Italy, India renew historical ties

New Delhi: Italy is renewing its historical ties with India by commemorating the legacy of one of its iconic Oriental scholars and Indophiles Luigi Pio Tessitori, who unearthed the Indus Valley site of Kalibangan in Rajasthan in the early 20th century.

In a special ceremony, the Italian Cultural Centre in the capital dedicated its multi-purpose hall to Tessitori, naming it after him Tuesday. It was followed by a series of presentations on Tessitori by historian Nayanjot Lahiri and professor Furio Honsell, the mayor of Udine and the former vice-chancellor of University of Udine, who is lecturing at academic institutions in the capital throughout the week.

Tessitori, who was born in Udine in Italy in 1887, died of pneumonia in Bikaner in 1919 at the age of 32. He documented the Bardic traditions of Rajasthan as a photographer and researched extensively on “Ramayana”, on which he wrote comparative treatises.

It was while studying the ancient civilisations and history of India that Tessitori discovered that some ruins around Bikaner showed a pre-Mauryan character dating back to the Indus Valley. He sought the help of John Marshall of the Archaeological Survey of India and identified it as an ancient civilisation of Harappan lineage.

The site was later known as Kalibangan.

Tessitori, who is kind of a local hero in Bikaner – with a landscaped grave and a bust in the city – was invited to Bikaner by former ruler, Ganga Singh. The Italian carried the ancient culture and traditions of India to his homeland at a time when awareness about the country’s rich heritage was poor in Italy between 1900-1914.
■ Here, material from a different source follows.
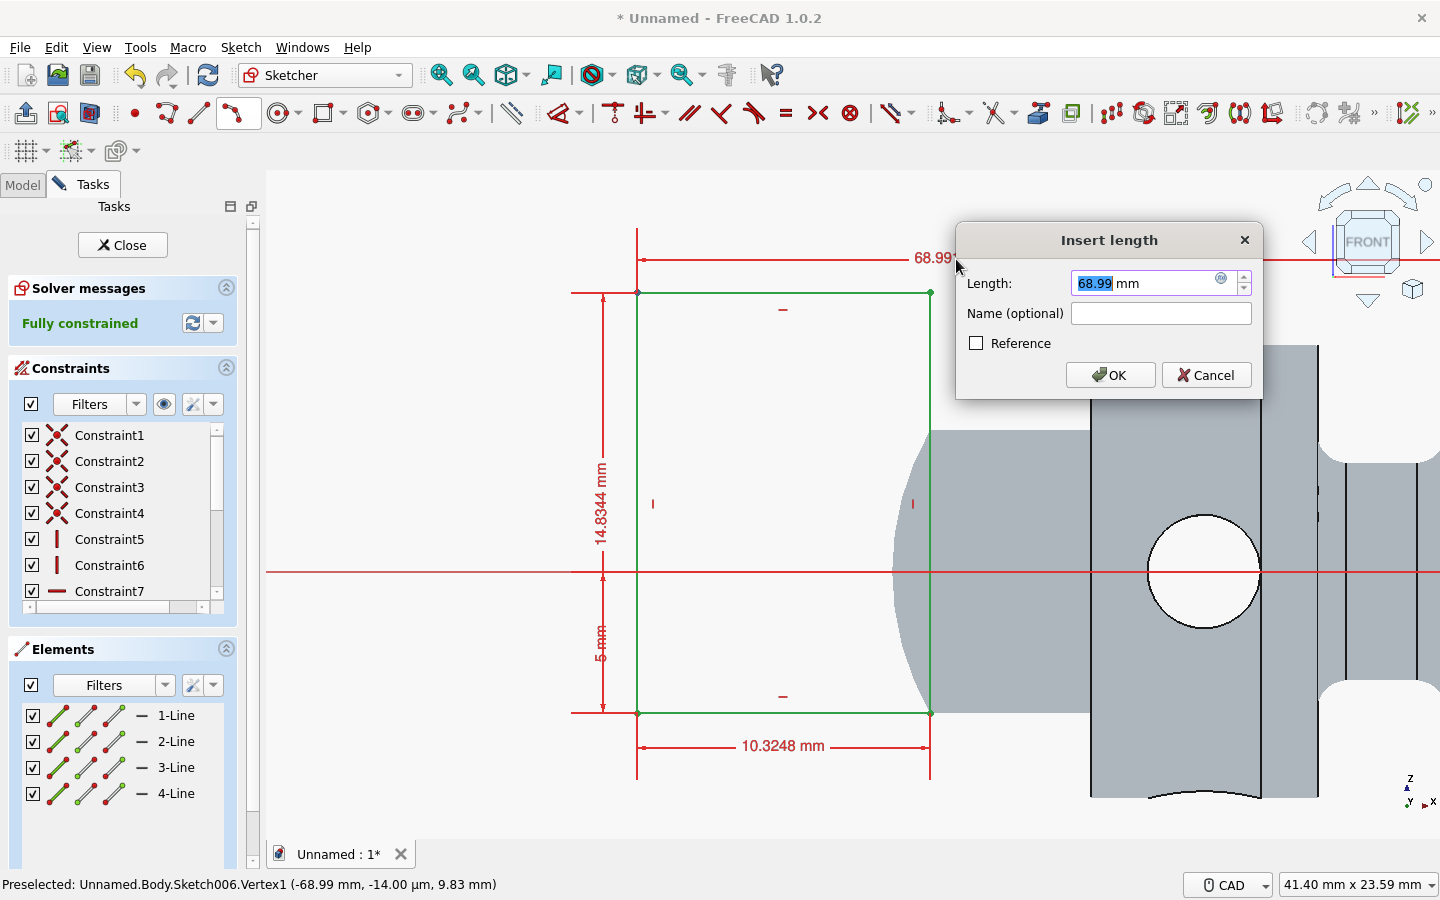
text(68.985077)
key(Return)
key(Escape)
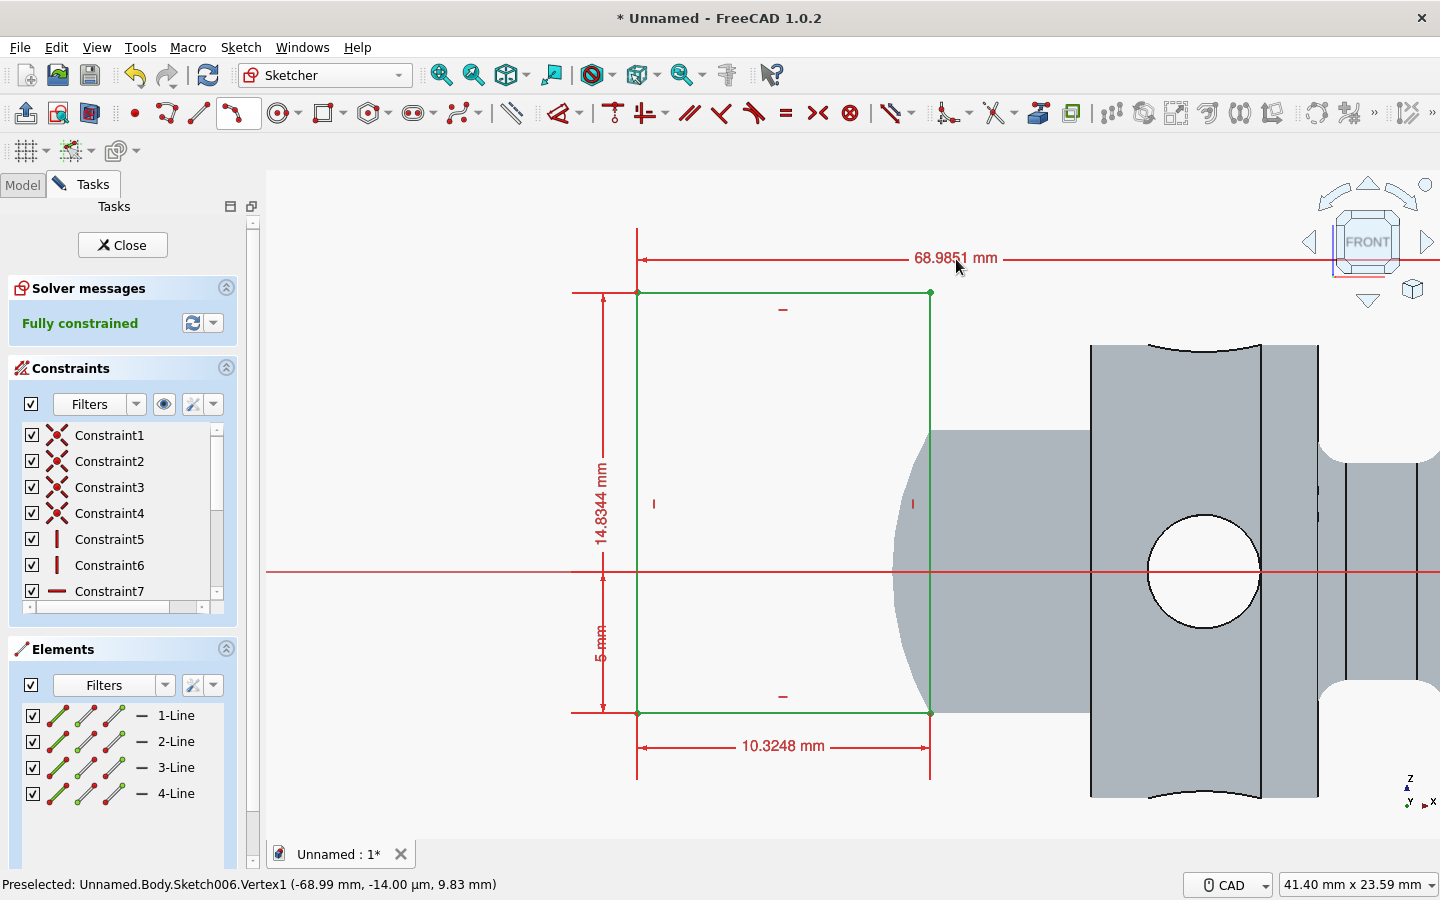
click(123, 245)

His works were subsequently published in both Italian and English. They were preserved in both Italy and India.

Tessitori, who was a scholar of Sanskrit, Pali, Prakrit and Marwari, was also a collector of Indian antiquities and manuscripts. He explored nearly 100 historical sites in Rajasthan and decoded ancient inscriptions.

The mayor of Udine, Furio Honsell, an authority on Tessitori and his work, said he was determined to “connect Bikaner and Udine as twin cities in memory of Tessitori’s work”.
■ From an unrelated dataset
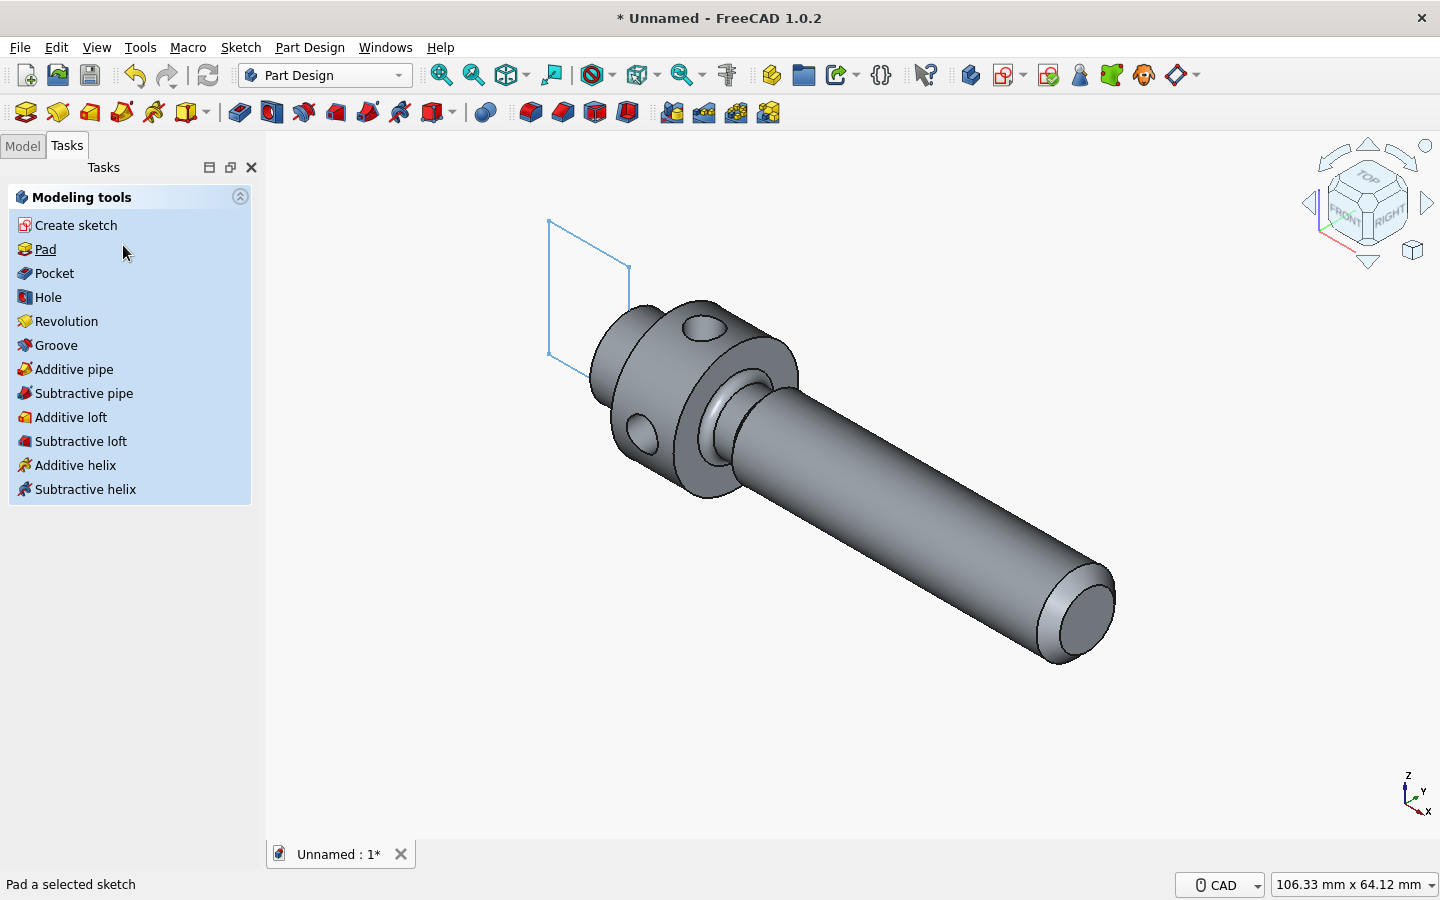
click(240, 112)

“Several years ago, the government of Italy had initiated the process to declare Udine and Bikaner twin cities. The process never really came through because of bureaucratic tangles. I am determined to revive it and take it up with the government of Italy and Rajasthan,” said Furio Honsell in the capital.
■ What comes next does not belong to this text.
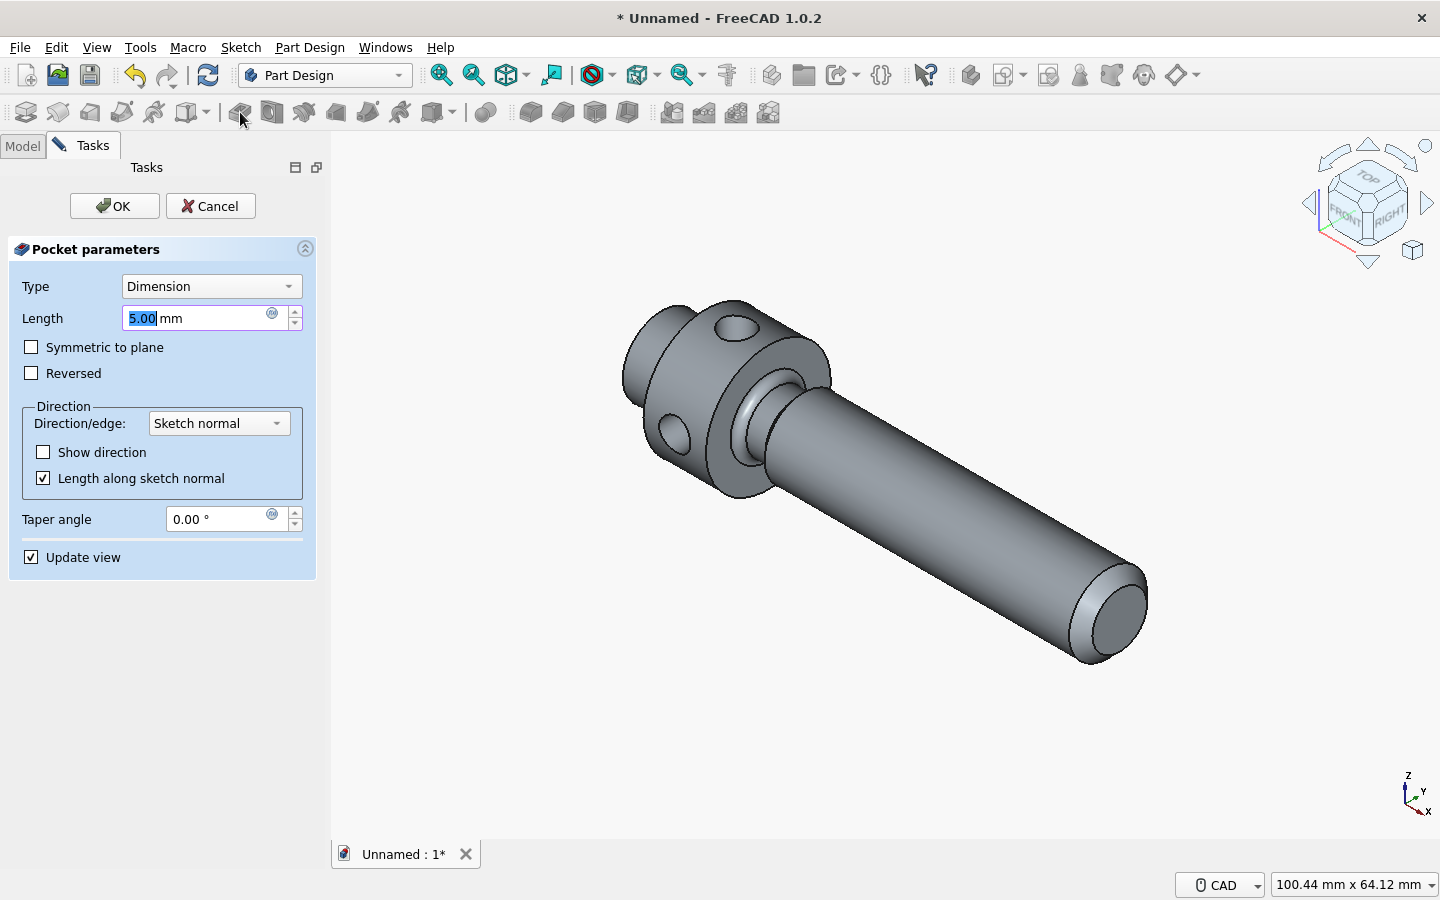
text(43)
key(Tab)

This Indo-Italian exchange will continue through October with an exhibition of Islamic paintings and artefacts, “Akbar: The Great Emperor of India”, that will open at Palazzo Sciarra, Fondazione Roma Museo Oct 22.

It is a collaboration between the National Museum in New Delhi and the Italian government, the Italian envoy to India Giacomo Sanfelice Di Monteforte said.

An exhibition of about 60 rare photographs of Indian freedom fighter and founder of the Ghadar Party Pandurang Khonkoje by early Italian modernist and revolutionary Tina Modotti also opened at the Italian Cultural Centre Tuesday with the support of the Mexican and Italian governments.